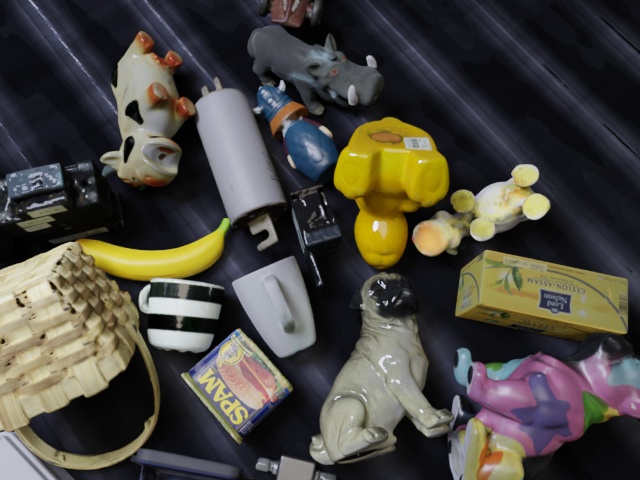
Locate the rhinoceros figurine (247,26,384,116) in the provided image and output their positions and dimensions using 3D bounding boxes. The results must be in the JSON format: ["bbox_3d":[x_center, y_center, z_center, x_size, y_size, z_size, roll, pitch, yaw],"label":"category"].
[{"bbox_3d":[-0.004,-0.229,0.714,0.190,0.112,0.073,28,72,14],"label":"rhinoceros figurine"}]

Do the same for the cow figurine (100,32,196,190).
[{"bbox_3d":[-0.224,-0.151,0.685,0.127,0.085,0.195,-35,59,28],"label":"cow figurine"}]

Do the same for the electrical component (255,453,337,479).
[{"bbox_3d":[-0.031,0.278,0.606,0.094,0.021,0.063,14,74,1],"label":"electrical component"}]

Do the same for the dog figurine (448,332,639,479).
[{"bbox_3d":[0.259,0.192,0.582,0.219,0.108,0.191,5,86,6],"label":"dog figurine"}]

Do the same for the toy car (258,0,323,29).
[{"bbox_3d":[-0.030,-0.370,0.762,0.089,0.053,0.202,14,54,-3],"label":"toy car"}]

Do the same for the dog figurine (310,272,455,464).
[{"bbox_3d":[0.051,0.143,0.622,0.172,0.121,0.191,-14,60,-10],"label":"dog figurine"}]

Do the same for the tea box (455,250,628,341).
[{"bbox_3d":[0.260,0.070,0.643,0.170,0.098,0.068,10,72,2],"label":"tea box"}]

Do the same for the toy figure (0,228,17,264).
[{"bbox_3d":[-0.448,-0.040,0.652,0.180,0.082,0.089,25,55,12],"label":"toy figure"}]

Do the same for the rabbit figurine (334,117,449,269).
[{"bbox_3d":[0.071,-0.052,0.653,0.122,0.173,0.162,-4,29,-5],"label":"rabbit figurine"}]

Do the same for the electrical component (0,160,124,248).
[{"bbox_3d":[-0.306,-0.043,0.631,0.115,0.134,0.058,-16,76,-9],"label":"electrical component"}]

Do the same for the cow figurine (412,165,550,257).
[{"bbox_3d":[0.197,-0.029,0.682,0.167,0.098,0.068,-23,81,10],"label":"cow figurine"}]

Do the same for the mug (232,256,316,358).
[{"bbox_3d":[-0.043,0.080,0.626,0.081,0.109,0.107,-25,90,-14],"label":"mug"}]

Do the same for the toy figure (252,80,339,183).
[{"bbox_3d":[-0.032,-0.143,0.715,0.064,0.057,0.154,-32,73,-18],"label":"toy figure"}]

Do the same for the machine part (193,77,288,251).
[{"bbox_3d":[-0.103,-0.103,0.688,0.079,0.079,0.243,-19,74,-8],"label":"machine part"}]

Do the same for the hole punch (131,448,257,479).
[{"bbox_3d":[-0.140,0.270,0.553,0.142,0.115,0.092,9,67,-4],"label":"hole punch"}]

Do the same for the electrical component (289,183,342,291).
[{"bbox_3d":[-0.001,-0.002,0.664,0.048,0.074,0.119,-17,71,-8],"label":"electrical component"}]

--

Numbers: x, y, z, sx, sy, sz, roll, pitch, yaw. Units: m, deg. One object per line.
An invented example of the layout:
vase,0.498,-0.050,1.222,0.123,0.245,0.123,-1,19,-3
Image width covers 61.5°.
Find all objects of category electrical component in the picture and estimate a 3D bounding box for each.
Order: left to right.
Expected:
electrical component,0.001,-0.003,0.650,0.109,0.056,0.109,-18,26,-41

--

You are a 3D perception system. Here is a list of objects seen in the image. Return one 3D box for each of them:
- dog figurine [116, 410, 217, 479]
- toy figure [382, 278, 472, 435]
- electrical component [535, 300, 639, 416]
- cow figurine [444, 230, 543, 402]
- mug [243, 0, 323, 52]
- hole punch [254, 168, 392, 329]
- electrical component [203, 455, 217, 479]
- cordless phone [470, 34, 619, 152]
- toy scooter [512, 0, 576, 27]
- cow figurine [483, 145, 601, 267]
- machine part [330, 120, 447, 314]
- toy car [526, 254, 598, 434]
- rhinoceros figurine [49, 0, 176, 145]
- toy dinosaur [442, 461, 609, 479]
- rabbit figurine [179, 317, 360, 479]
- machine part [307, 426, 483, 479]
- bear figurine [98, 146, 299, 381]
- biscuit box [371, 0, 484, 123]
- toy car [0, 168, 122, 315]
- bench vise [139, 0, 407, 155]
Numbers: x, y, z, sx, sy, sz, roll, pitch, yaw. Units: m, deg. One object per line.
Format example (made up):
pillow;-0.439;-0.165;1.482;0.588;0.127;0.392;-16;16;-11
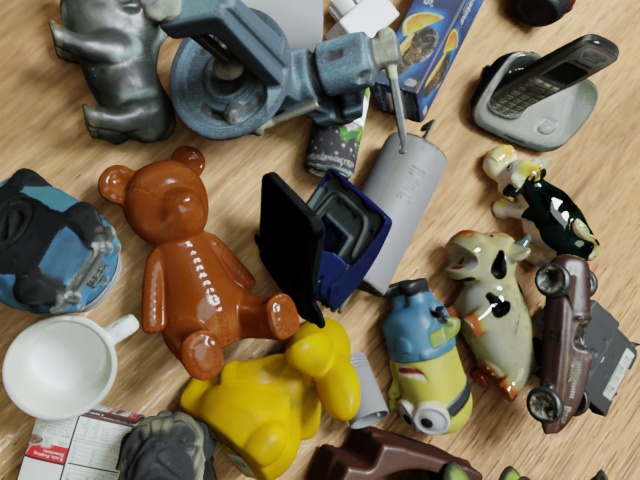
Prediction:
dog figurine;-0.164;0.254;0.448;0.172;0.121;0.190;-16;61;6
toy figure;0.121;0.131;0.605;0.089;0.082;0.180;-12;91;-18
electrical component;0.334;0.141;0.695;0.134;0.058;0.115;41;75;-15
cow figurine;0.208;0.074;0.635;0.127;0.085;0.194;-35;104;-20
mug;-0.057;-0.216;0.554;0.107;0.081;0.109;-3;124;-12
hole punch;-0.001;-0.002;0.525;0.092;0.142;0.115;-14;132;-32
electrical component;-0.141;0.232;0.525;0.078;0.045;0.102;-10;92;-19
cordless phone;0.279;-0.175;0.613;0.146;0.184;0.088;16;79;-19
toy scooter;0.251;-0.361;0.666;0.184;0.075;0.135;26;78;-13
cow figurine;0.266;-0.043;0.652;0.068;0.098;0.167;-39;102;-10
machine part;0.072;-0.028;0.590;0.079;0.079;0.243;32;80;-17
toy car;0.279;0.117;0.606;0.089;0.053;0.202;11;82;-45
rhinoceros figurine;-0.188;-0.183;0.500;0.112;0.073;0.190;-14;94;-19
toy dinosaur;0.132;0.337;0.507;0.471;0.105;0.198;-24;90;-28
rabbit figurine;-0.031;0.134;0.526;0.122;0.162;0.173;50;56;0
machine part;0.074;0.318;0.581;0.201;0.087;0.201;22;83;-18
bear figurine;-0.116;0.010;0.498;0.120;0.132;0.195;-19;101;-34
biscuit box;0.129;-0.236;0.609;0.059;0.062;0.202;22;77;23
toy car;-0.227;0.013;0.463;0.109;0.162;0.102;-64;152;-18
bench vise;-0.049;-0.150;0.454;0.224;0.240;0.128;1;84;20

--

→ **GOAL OF THE EXERCISE**
As listed above, the lines from the line with "- toy figure [382, 278, 472, 435]" to the line with "pillow;-0.439;-0.165;1.482;0.588;0.127;0.392;-16;16;-11" are to be echoed exactly, with both ends included and nothing added.

→ **TASK RESULT**
- toy figure [382, 278, 472, 435]
- electrical component [535, 300, 639, 416]
- cow figurine [444, 230, 543, 402]
- mug [243, 0, 323, 52]
- hole punch [254, 168, 392, 329]
- electrical component [203, 455, 217, 479]
- cordless phone [470, 34, 619, 152]
- toy scooter [512, 0, 576, 27]
- cow figurine [483, 145, 601, 267]
- machine part [330, 120, 447, 314]
- toy car [526, 254, 598, 434]
- rhinoceros figurine [49, 0, 176, 145]
- toy dinosaur [442, 461, 609, 479]
- rabbit figurine [179, 317, 360, 479]
- machine part [307, 426, 483, 479]
- bear figurine [98, 146, 299, 381]
- biscuit box [371, 0, 484, 123]
- toy car [0, 168, 122, 315]
- bench vise [139, 0, 407, 155]
Numbers: x, y, z, sx, sy, sz, roll, pitch, yaw. Units: m, deg. One object per line.
Format example (made up):
pillow;-0.439;-0.165;1.482;0.588;0.127;0.392;-16;16;-11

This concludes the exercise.